Computer Programming vs Software Engineering
This talk by Russ Cox, one of the co-creators of the Go programming language at Google, is an awesome walkthrough of the rationale behind testing and some practical approaches to doing it a software engineering context.
An interesting idea that got me thinking is the distinction between programming and software engineering.
Programming is getting a software to work.
Software engineering, according to Cox, is “what happens to programming when you add time and other programmers”.
Let's unpack this a bit: By time, it refers to the expectation that a well-engineered software system is expected to work and keep working for a long time, long after the programming is done.
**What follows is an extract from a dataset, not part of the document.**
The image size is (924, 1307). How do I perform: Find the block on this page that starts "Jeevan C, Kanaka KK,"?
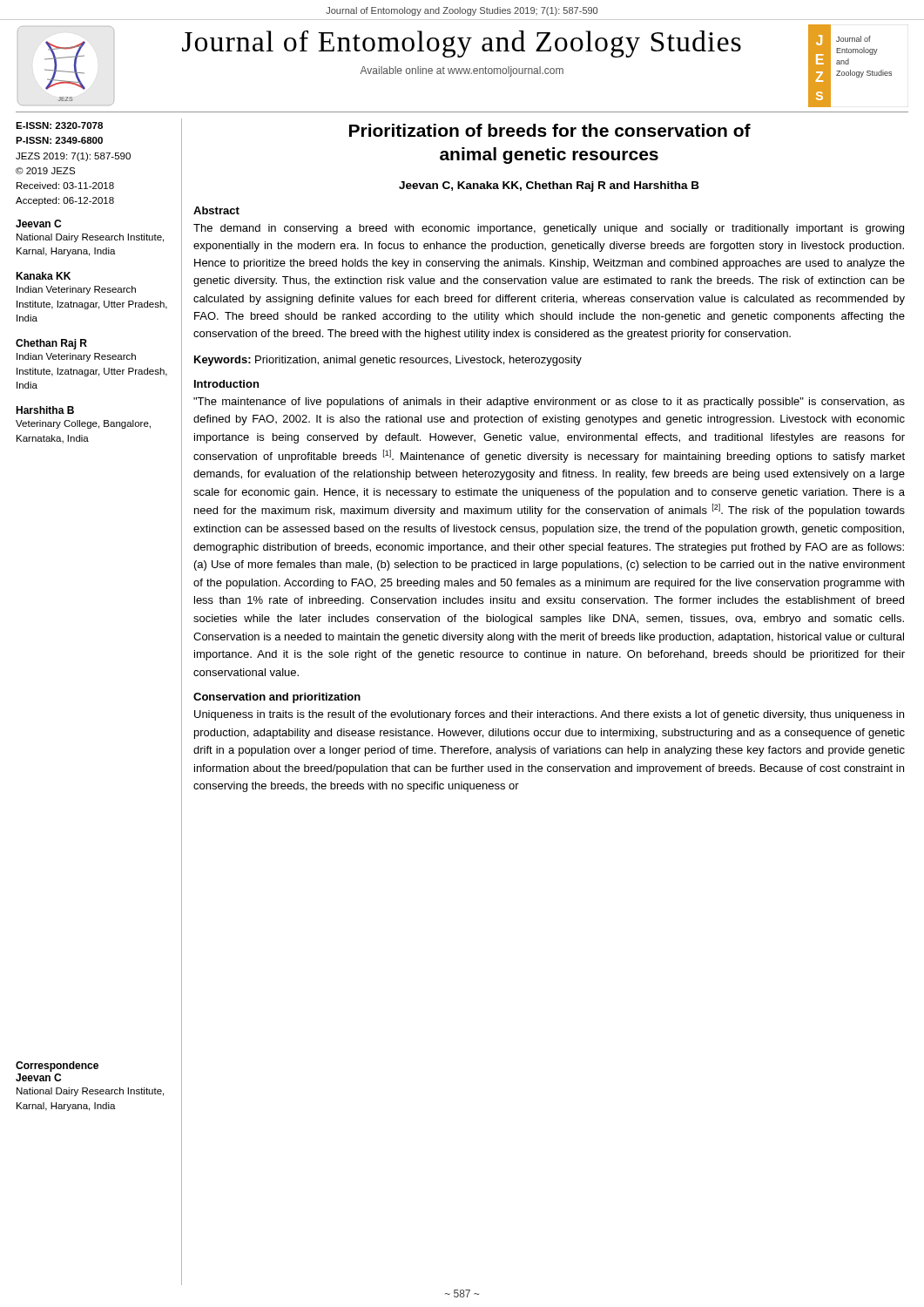coord(549,185)

Toward this purpose, the code written must not only achieve the desired goal (as with programming), but also be understandable, extensible and maintainable because it will most likely have to be understood, troubleshooted and worked on by other people.
For me, it also means that while in programming there's joy to be derived in refining the code itself to achieve some abstract sense of beauty and perfection, this is a non-goal in software engineering.
In engineering, code is only the tool to achieve some end-goal and to serve some purpose to the business. We, programmers, just happen to enjoy it.
As they say: “there are no perfect solutions, only trade-offs”.
On one hand, a paper on programming will attempt to generalize concepts and find truths which are universally valid or valid within a set of constrains.
On the other hand, a piece of software which is deployed to millions of users will contain a plethora of compromises and logic which looks puzzling out of context, but which was added to tackle some issue seen in practice.
Of course, there's some balance. Too many workarounds in an engineering context often leads to unintelligible and brittle code, which could be solved by some more fundamental rearrangement or abstraction.